The next day we drive up into the Carib territory and it is about midday and only fools like us are out on the road in the middle of the day when bare feet burn on the asphalt and the rain forest road is humid and long. You get the sense that the mountain road and the tree fern and the palmiste have been here absorbing and deflating other foolish incursions. The maxi taxi stops and we get out, going into the shop. A Carib man looks me in the eye as if he knows me and I settle into his look and I buy a hat whose strands of flex, he explains, have been buried in levels of mud, dyed there in grades of brown and red. We climb back into the van and he looks at me again as if I should be staying and where am I off to now, and I am half surprised but half convinced that, well, of course I should be staying.
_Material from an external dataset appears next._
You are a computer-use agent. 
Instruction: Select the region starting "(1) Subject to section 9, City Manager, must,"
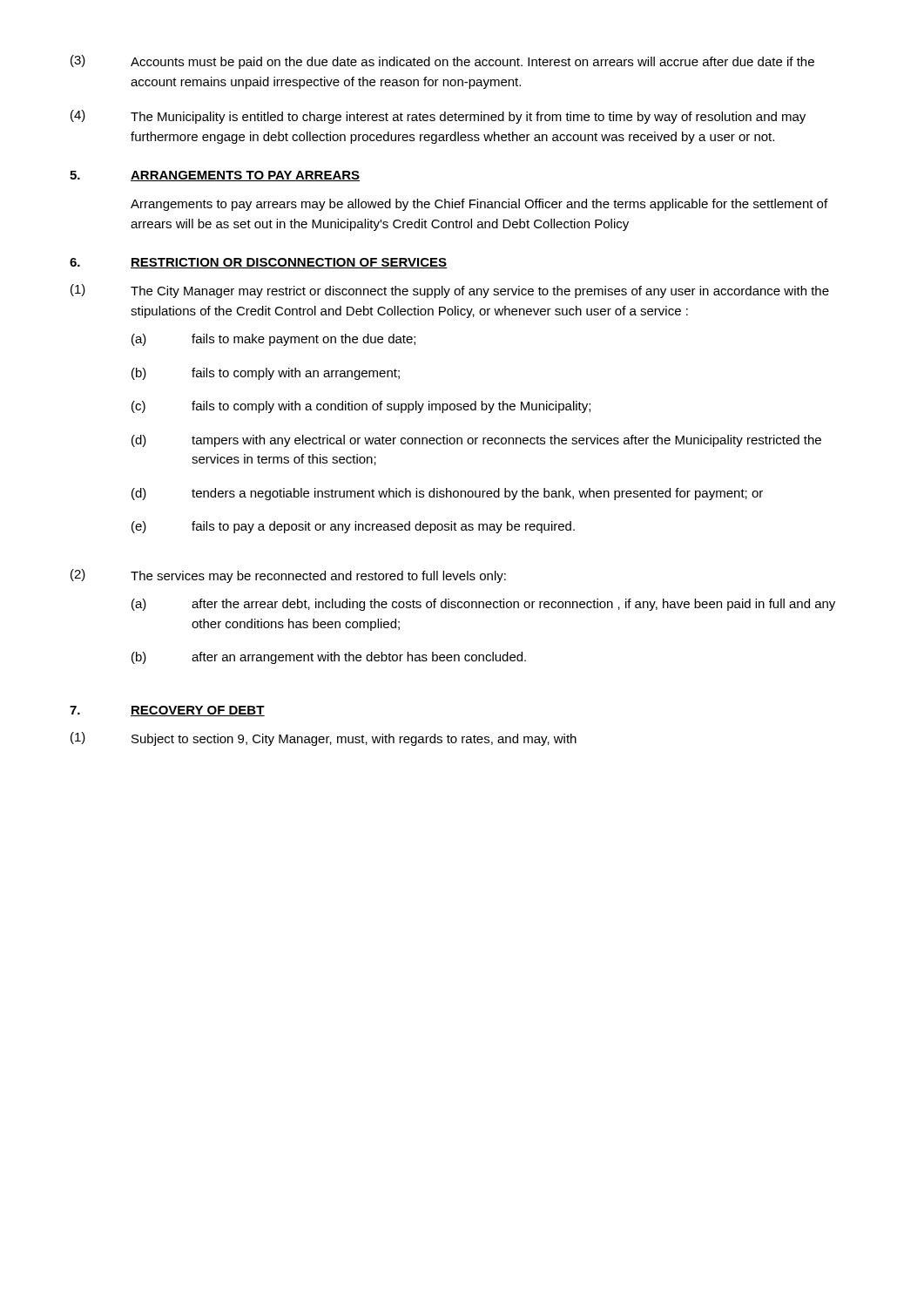coord(462,739)
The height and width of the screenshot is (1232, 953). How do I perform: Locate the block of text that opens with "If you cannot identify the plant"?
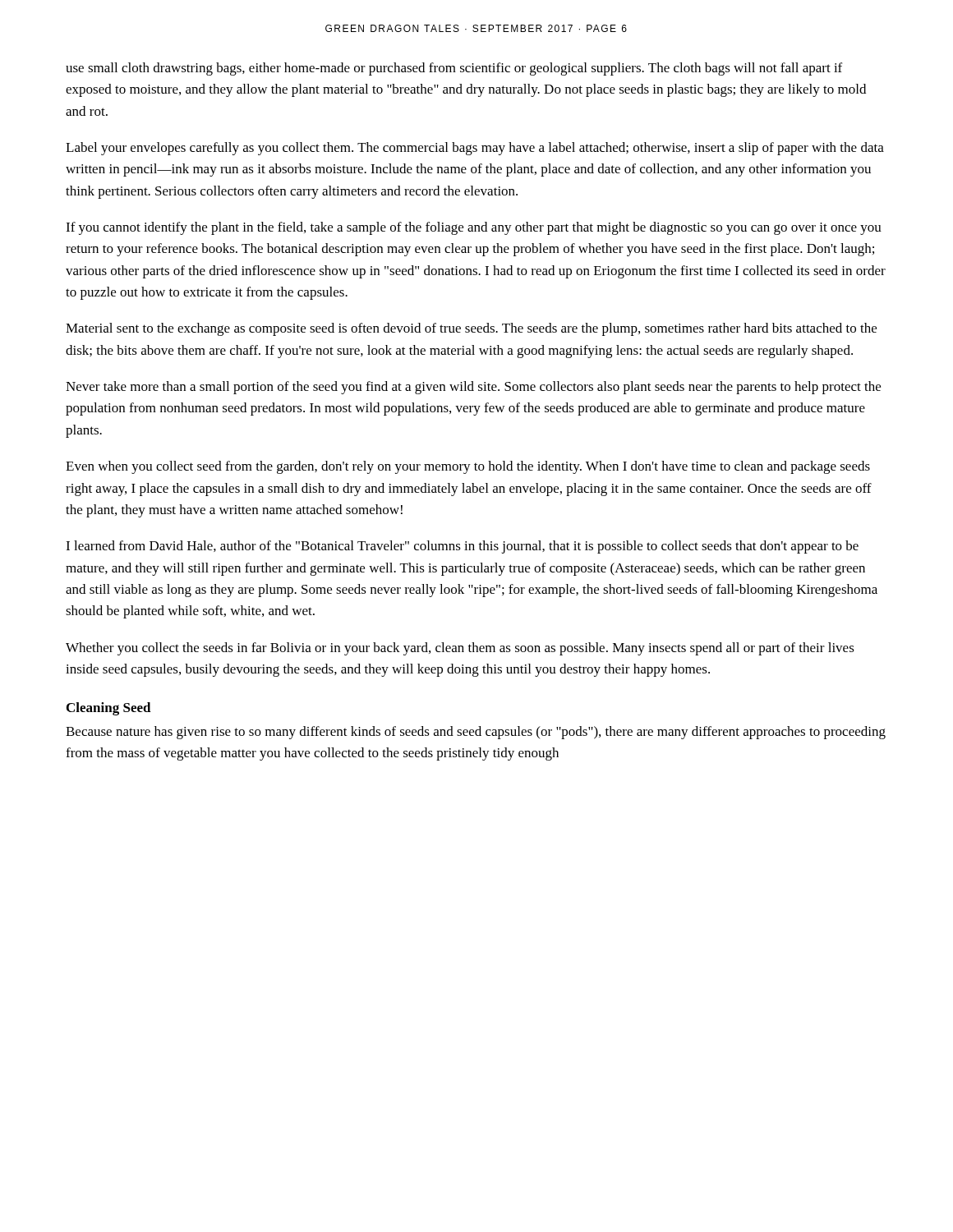pyautogui.click(x=476, y=260)

He sent his son, like my brother, to give me a small basket as a gift, as if to say, “Well, here then, go if you’re determined, but take this with you.” I had noticed at the back of the shop, my sister, his daughter, a whole world was in her face, 3000 years of Ciboney, then Arawak, then Carib canoeing north from South America, before it was South America, 1000 AD. In her face all the battles against the French and English for two centu
ries, the hit and hit and run and the intractable mountains that kept this island Carib until 1763; until settling to the west and east they crept into her face, too. In her face, now African, which people? Ga? Ashanti? Ibo? Washed in, wept in, with all the waters of the hundreds of rivers and rivulets. I swam some of those rivers — sluggish Cribiche, the crackling fresh Sarisari, the swelling magnificent Layou, the river Claire, the river Crapaud, Taberi, Mulaitre, Ouayaperi — I tried to swim them all, all 365, and say them all over and over — River Jack, Rivière Blanche, Canari, River Douce, Malabuka, Perdu Temps. And all this Dahomey in her face that would name the valley to the southwest the Valley of Desolation.
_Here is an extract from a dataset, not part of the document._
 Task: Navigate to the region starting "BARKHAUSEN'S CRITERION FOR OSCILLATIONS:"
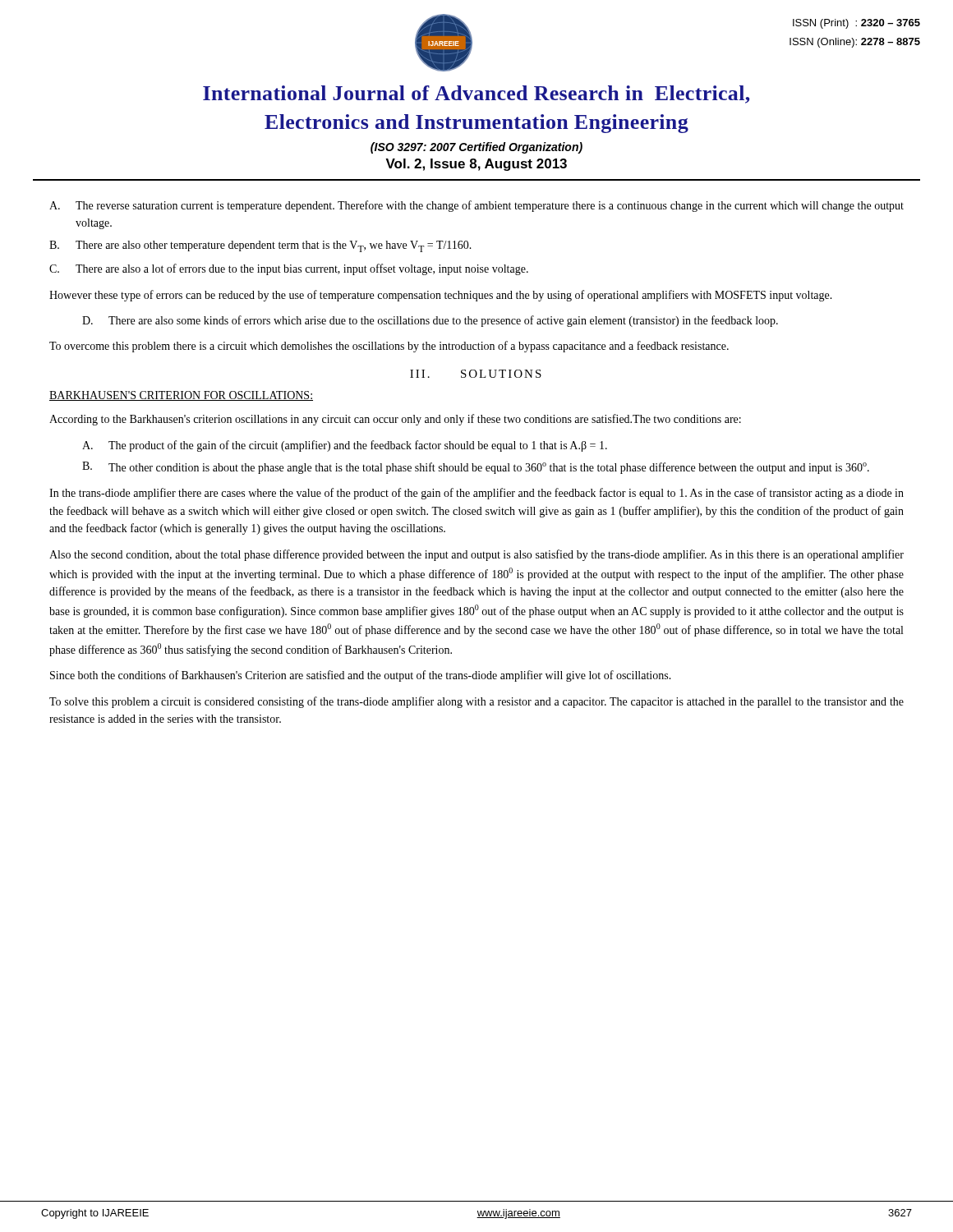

Well I left them in the road of the Carib territory, waving, and the van moved on, chewing up still-rugged highway over to Mahaut and Massacre. “Massacre,” Rochester says in Jean Rhys’ Wide Sargasso Sea, “And who was massacred here? Slaves?” “Oh no,” Antoinette answers, foreshadowing her own erasure in Charlotte Brontë’s Jane Eyre, “Not slaves. Something must have happened a long time ago. Nobody remembers now.” When Rochester arrived in Massacre it was raining, “… huge drops sounded like hail on the leaves of the tree, and the sea crept stealthily forwards and backwards.” He had feared that it might be the end of the world. When I arrived in Massacre it was gleaming, the sky a glittering blue and the road, which was sea and road at once, was full of people. The rum shop was busy and someone in the van said, “These Massacre people are always on the street, day or night. This town is always lit up.” The town had a certain feeling of careening, all bare feet and flowered dresses, all old men with sticks and young ones with soccer balls, all hips held to laugh and children playing fiercely. Rhys would have longed for it even more than she longed for it in Voyage in the Dark.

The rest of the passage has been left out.